> _WHAT TO PRODUCE_:
From the records below, find each line with the string "combinations" and copy it.

> _THE DATA_:

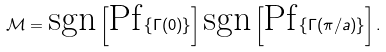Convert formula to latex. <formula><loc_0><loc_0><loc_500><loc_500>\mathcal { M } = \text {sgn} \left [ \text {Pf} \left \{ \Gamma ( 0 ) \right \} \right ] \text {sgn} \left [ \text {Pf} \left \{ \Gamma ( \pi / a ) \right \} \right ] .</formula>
---
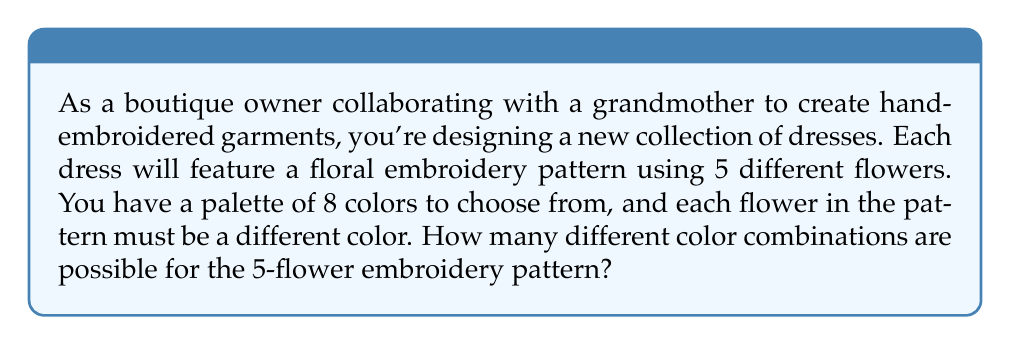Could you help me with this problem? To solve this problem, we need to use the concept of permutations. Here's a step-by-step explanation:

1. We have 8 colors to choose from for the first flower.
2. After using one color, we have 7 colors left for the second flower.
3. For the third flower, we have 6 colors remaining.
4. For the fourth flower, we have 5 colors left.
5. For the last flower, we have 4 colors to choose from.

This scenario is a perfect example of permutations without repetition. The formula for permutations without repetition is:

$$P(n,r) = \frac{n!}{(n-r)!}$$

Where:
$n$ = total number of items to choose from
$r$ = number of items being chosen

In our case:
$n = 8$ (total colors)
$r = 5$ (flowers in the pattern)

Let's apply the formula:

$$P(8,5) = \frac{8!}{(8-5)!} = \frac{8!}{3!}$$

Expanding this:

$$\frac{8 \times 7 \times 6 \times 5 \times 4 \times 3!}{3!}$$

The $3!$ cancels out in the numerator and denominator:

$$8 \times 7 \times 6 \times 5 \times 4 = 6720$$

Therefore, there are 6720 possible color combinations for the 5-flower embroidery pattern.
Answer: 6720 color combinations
==
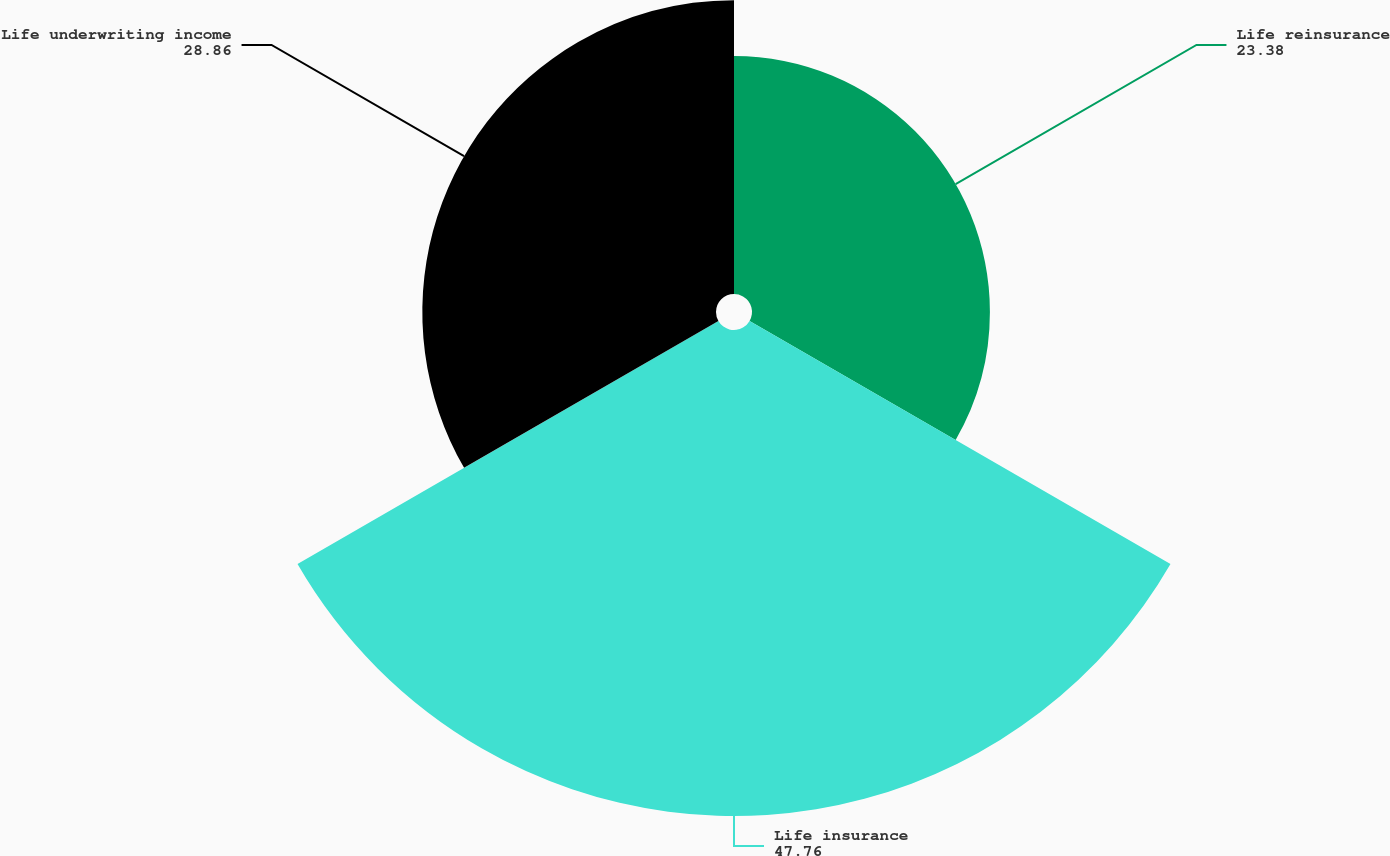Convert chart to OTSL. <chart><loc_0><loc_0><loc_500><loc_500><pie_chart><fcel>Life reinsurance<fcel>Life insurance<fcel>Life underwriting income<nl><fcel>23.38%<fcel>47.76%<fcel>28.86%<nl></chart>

> _RESULT OF THE TASK_:
Therefore, there are 6720 possible color combinations for the 5-flower embroidery pattern.
Answer: 6720 color combinations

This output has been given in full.